> **Given data**
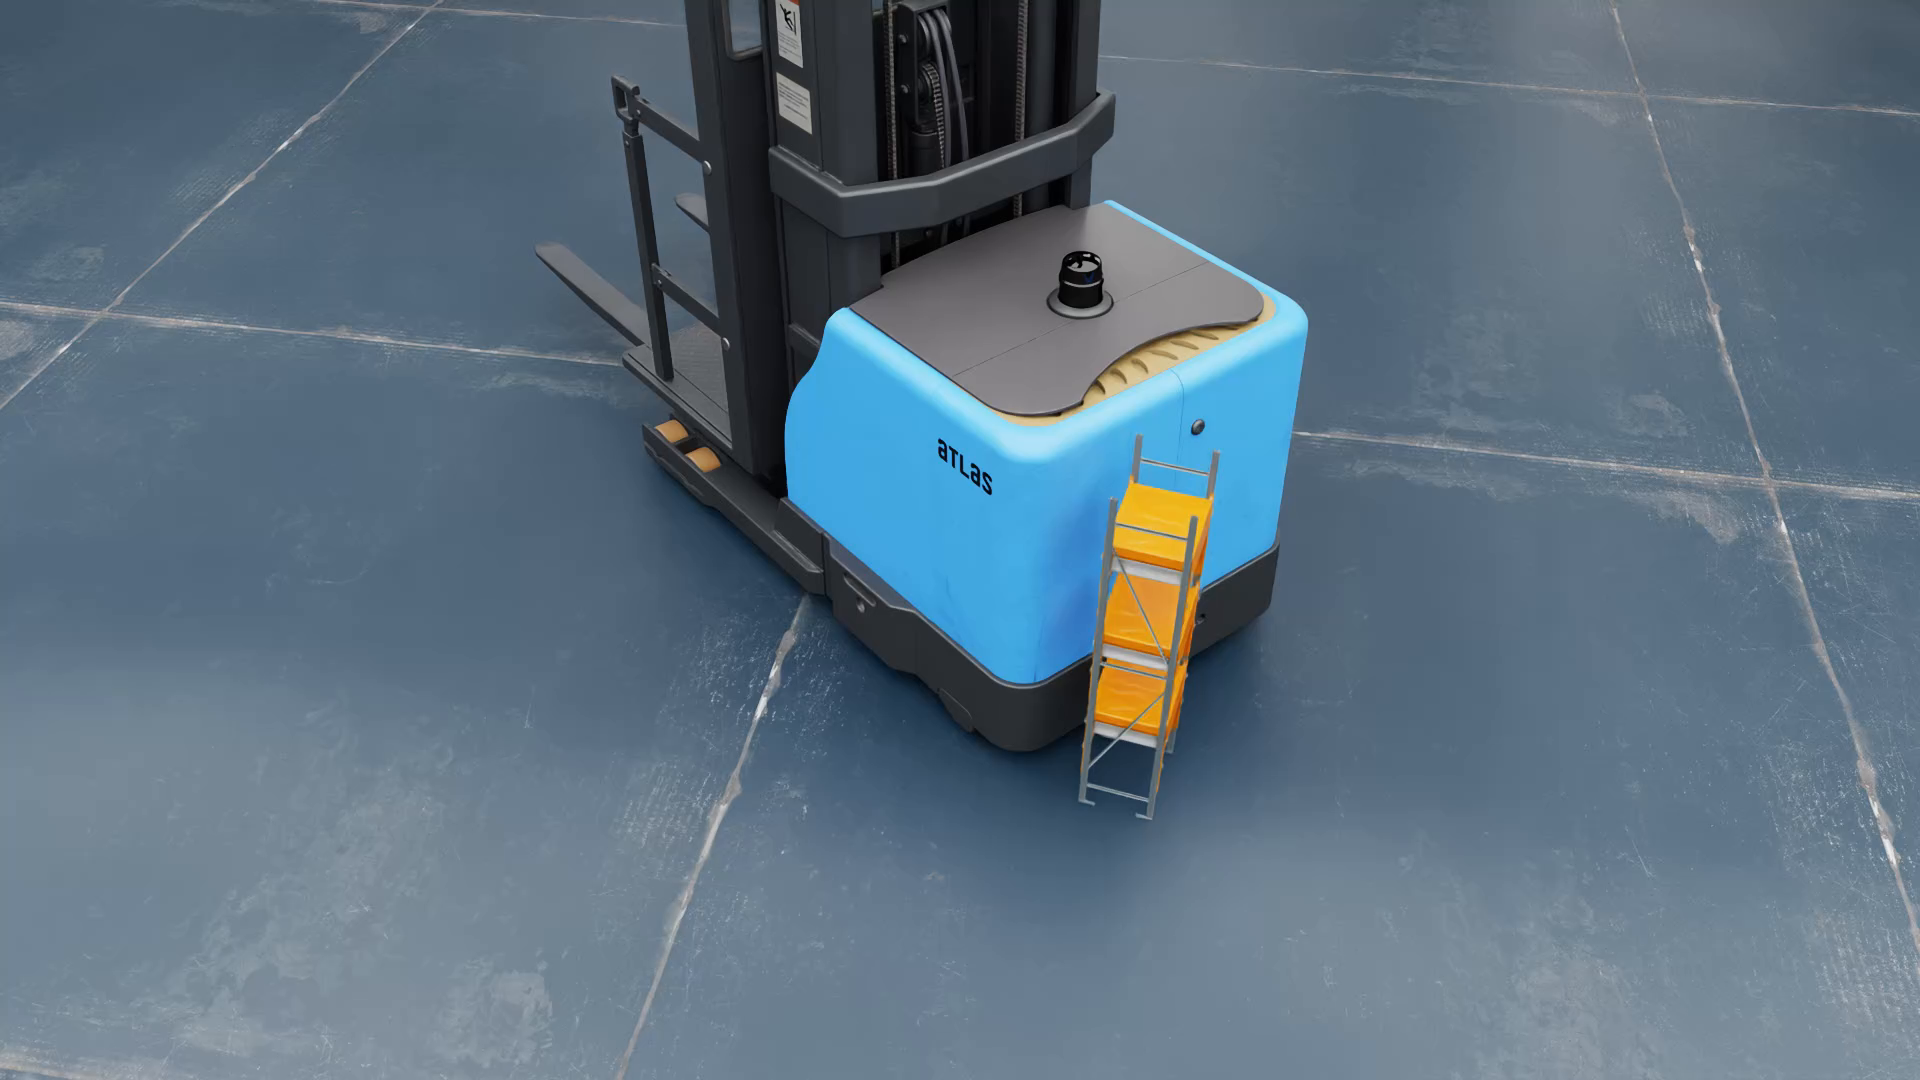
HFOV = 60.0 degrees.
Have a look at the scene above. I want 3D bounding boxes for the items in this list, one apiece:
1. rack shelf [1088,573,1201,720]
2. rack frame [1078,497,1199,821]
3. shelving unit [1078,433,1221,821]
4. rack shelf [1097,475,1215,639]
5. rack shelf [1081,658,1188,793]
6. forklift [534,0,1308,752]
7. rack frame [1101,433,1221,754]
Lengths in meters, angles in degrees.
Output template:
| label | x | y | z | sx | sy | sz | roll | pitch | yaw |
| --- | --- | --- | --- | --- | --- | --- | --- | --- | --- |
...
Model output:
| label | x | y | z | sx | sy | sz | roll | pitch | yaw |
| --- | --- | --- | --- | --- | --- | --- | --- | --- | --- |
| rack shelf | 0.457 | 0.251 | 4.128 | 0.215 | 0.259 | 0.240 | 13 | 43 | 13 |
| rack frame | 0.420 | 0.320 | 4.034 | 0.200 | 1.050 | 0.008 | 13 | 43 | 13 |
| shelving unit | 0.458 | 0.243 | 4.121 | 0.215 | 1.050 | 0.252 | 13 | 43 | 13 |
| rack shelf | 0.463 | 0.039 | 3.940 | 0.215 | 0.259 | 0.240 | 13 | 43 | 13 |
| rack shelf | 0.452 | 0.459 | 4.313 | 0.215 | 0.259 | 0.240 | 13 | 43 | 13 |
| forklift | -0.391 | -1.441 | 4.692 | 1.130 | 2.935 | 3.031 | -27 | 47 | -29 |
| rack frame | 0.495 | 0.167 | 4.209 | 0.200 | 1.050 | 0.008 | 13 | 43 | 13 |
* * *
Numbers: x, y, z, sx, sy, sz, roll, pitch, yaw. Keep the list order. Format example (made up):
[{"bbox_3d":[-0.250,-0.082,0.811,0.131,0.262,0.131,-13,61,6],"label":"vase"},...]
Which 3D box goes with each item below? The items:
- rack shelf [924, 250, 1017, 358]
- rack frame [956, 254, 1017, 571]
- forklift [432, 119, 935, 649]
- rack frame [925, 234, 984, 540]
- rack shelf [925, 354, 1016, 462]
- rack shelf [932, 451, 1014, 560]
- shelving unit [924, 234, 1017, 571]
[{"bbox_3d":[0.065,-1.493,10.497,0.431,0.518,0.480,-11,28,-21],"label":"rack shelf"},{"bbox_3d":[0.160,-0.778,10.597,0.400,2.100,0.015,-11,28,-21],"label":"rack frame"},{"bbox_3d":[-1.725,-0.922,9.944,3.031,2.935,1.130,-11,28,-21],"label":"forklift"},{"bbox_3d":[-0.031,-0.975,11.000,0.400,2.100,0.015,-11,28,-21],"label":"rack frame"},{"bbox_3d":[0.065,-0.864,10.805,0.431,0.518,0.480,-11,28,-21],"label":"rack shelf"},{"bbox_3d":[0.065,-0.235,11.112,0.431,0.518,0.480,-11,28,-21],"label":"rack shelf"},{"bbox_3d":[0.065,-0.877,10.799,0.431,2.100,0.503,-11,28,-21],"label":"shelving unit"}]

> **Instructions to follow**
In the records above, how many lines include "items"? Answer with the number alone.

> **Expected output**
2